Let $X$ be the comb space given by $$ \begin{align} X ={} &\bigl\{ (x,y) \in \mathbb{R}^2 \mid 0 \leq y \leq 1 \text{ and } (x=0 \text{ or } x=\tfrac{1}{n} \text{ for some} \in \mathbb{N} \bigr\} \\ &\cup \bigl\{ (x,y) \in \mathbb{R}^2 \mid y=0 \text{ and } 0 \leq x \leq 1 \bigr\}. \end{align} $$
Let the set $A$ be given by $A = \{(0,1)\}$. Prove that $A$ is a deformation retract of $X$.
My attempt: Define the map $F:X \times [0,1] \to X$ given by $$ F(x,y,t) = \bigl( x, (1-t)y \bigr) $$ is continuous and satisfies $F(x,y,0) = (x,y),\, F(x,y,1)=(x,0)$.
After that, I am unable to proceed.
Your homotopy $F$ is a good start.
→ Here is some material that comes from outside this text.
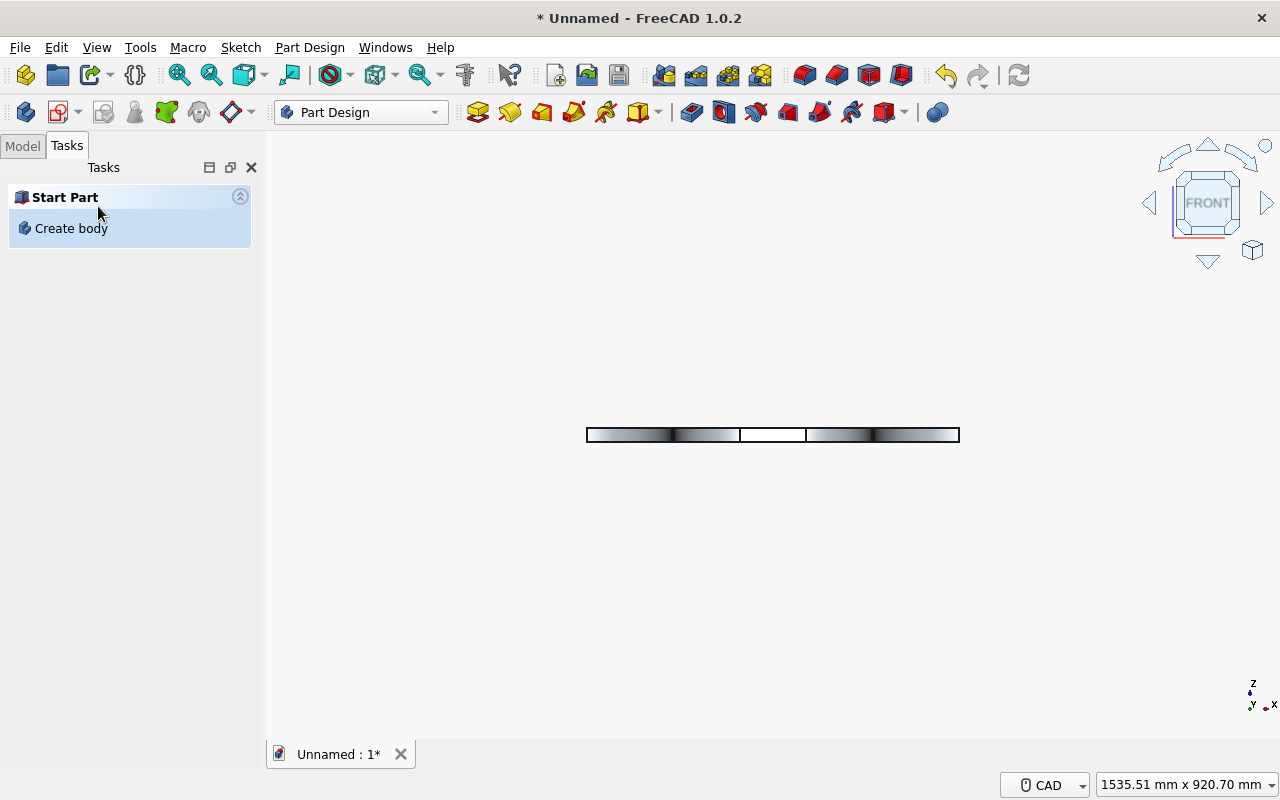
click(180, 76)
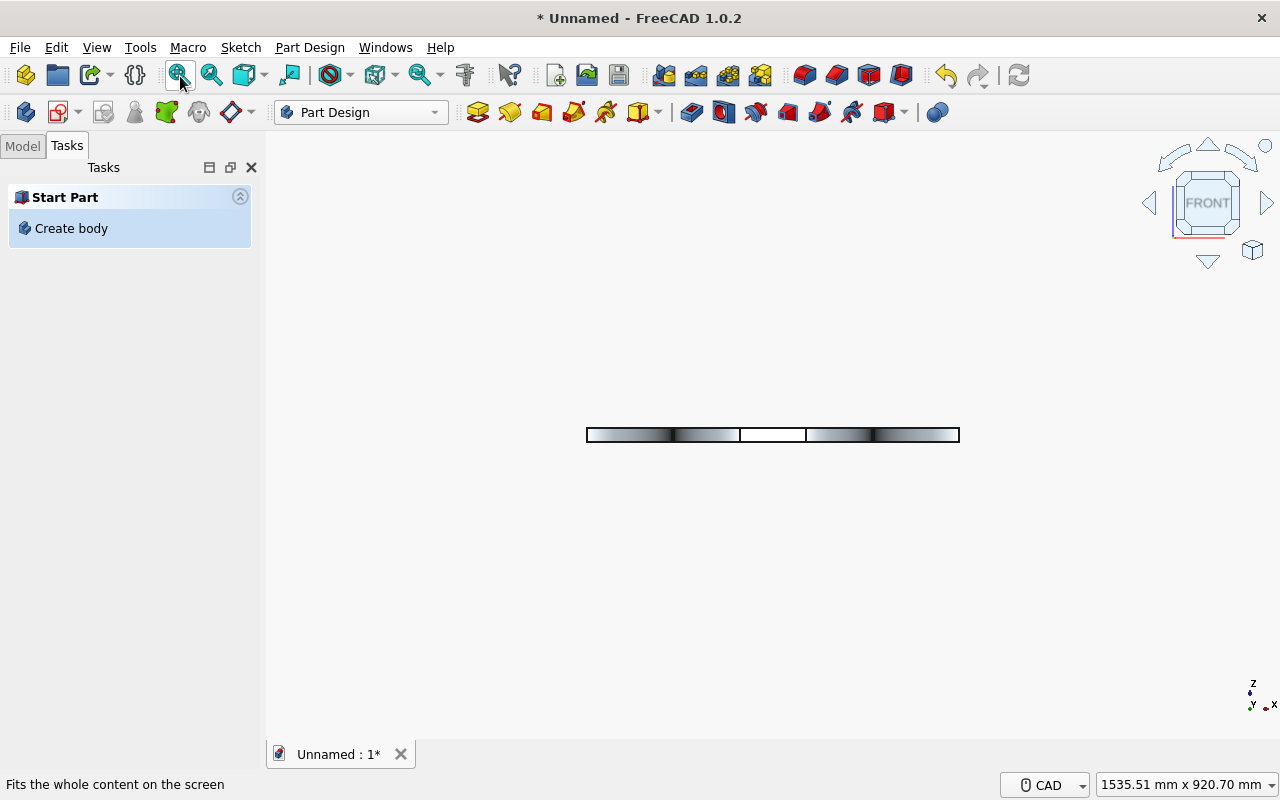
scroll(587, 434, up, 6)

It deforms $X$ to $X' = [0,1] \times \{0\}$ and keeps $X'$ fixed. Next deform $X'$ to $X'' = \{(0,0)\}$. This is possible with a homotopy keeping $X''$ fixed. With a final homotopy move $(0,0)$ to $(0,1)$. Composing these three homotopies yields a homotopy from $id_X$ to the constant map $c(x) = (0,1)$.
Note that $A$ is not a strong deformation retract of $X$.
$A$ being a deformation retract of $X$ means that $id_X$ is homotopic to a retraction of $X$ to $A$; one does not require that there exists a homotopy keeping $A$ fixed.
As we have seen, $X''$ is a strong deformation retract of $X$. This means in particular that $X$ is contractible to the point $(0,0)$. It is well-known that a contractible space is contractible to each of its points (the method to prove this is the same in the third step above).